If there is one thing that leaves injured workers frustrated, it’s the procedures that frequently result in treatment denials.
Between 2005 and 2010, medical cost containment expenses almost quadrupled. That includes expenses for utilization review and bill review.
Insurers assert that without cost containment procedures, medical treatment costs would be even higher, resulting in unsustainable premium increases.
The chorus of complaints about UR is particularly loud from workers who settled cases years ago and were awarded “future medical” as part of their case resolution.
From the employee’s perspective, they bargained for medical as part of a settlement or as part of a court award. Not only may they be required to change doctors to a new physician on an employer network. Now they find that almost everything that is prescribed is either delayed or denied.
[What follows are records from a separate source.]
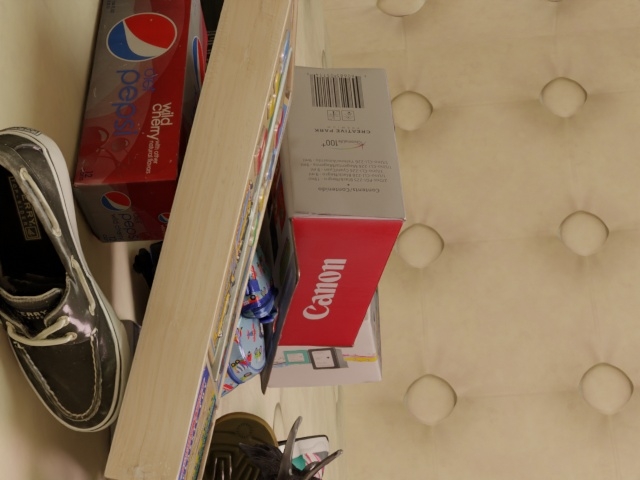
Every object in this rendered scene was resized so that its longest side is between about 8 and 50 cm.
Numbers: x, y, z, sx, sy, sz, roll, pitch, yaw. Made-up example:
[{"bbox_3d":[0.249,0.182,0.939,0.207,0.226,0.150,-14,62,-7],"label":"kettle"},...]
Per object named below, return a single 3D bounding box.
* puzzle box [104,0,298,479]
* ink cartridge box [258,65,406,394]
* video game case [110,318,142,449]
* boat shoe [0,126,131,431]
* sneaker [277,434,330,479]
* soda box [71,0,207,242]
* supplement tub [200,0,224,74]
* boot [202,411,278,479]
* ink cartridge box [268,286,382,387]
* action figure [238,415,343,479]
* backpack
[{"bbox_3d":[-0.085,0.007,0.933,0.272,0.052,0.409,98,4,-75],"label":"puzzle box"},{"bbox_3d":[0.000,0.000,1.327,0.309,0.130,0.272,107,-18,-58],"label":"ink cartridge box"},{"bbox_3d":[-0.163,0.190,1.082,0.183,0.023,0.201,67,20,-74],"label":"video game case"},{"bbox_3d":[-0.185,0.037,0.751,0.070,0.078,0.219,-80,157,-70],"label":"boat shoe"},{"bbox_3d":[-0.037,0.380,1.673,0.295,0.124,0.178,26,54,-74],"label":"sneaker"},{"bbox_3d":[-0.157,-0.125,1.040,0.083,0.092,0.263,82,6,-52],"label":"soda box"},{"bbox_3d":[-0.119,-0.207,1.363,0.117,0.117,0.190,71,16,-68],"label":"supplement tub"},{"bbox_3d":[-0.098,0.242,1.175,0.269,0.089,0.236,-92,-163,-77],"label":"boot"},{"bbox_3d":[-0.011,0.095,1.806,0.270,0.197,0.198,75,12,-63],"label":"ink cartridge box"},{"bbox_3d":[-0.034,0.282,0.948,0.141,0.164,0.276,-35,139,-38],"label":"action figure"},{"bbox_3d":[-0.103,0.073,1.172,0.158,0.117,0.173,-18,91,-85],"label":"backpack"}]

So the worker who had been represented years ago calls his former attorney, asking for help.
In some instances, the worker may find that his attorney has retired. But even where the attorney is still in practice, the worker may have trouble obtaining help.
The attorney is busy handling current cases. While some attorneys will get involved in treatment denial issues for clients whose cases were handled years ago, others simply are not staffed to take on these issues as a project unless they can be paid for doing so.
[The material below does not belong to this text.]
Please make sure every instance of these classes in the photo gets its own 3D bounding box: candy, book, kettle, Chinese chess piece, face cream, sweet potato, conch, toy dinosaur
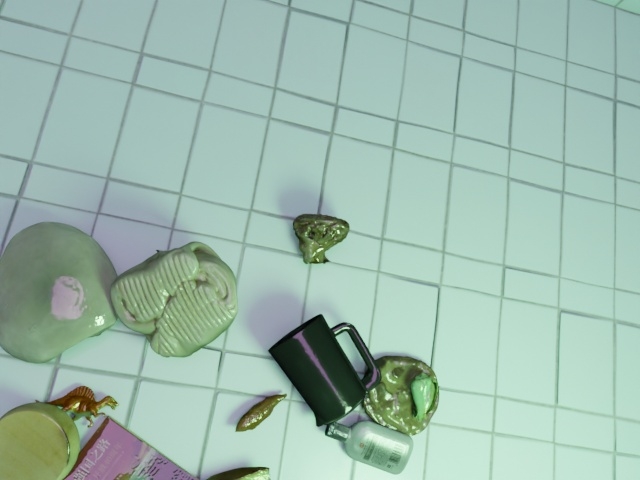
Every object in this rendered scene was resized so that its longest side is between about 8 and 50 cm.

The problem here is that under current law, attorneys representing injured workers are not compensated in most situations.
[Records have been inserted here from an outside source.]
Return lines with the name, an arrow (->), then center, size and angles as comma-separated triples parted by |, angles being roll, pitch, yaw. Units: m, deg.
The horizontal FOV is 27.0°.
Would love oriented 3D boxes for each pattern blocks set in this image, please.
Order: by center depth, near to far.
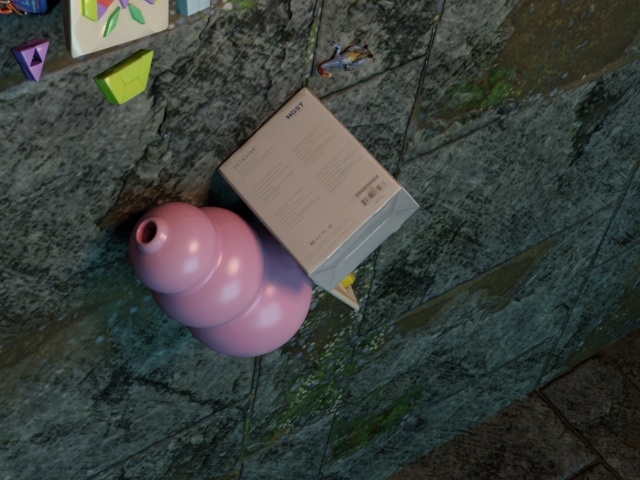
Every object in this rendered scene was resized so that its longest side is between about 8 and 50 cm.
pattern blocks set -> -0.215, -0.280, 1.401 | 0.325, 0.026, 0.285 | -48, 143, -43

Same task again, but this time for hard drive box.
hard drive box -> -0.005, -0.075, 1.898 | 0.181, 0.232, 0.089 | -43, 153, 4

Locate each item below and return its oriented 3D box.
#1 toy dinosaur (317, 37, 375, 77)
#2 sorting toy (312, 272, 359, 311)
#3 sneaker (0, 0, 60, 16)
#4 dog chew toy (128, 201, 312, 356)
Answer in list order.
toy dinosaur -> 0.036, -0.253, 1.906 | 0.082, 0.047, 0.090 | -24, 163, 5
sorting toy -> 0.000, 0.000, 2.056 | 0.038, 0.193, 0.208 | -26, 155, 9
sneaker -> -0.322, -0.269, 1.379 | 0.221, 0.087, 0.083 | -28, 149, -24
dog chew toy -> -0.154, 0.044, 1.933 | 0.206, 0.206, 0.332 | -45, 144, 7

An attorney who decides to help fight treatment denials may expend a substantial amount of time and effort on UR appeals. Time spent talking to the client, tracking down the medical reports and UR paperwork. Analyzing time frames to see if UR time limits were observed. Using the QME process to appeal denials. Possible court appearances.
And even if there’s a victory for the worker, the victory may be on one treatment issue.
But this may be repeated again and again with ongoing treatment issues for this worker.
And that’s only one worker.
Many applicant attorneys have represented thousands of workers over their career. So it’s not hard to see why some applicant firms limit their involvement in challenging treatment denials. There simply are not enough hours in the day for many firms.
And that’s probably fine with many insurers, who are happy that attorneys are not incentivized to fight denials on behalf of workers.
This is the problem that AB 1687 (Fong) seeks to address.
AB 1687 would require that when injured workers are given explanations as to why the insurance company modified, delayed or denied medical services, they also be given a description of available options to appeal such a decision.
Furthermore, AB 1687 would allow attorneys to be compensated a reasonable fee for their efforts on behalf of injured workers to enforce previously awarded medical treatment.
Supporters of the bill include the California Professional Firefighters and the California Labor Foundation.
The bill has already cleared the California Assembly Insurance Committee and the Assembly Appropriations Committee.
But with Governor Brown’s likely unwillingness to sign piecemeal workers’ comp changes, the bill’s future may depend on what occurs later this year with other components of workers’ comp reforms.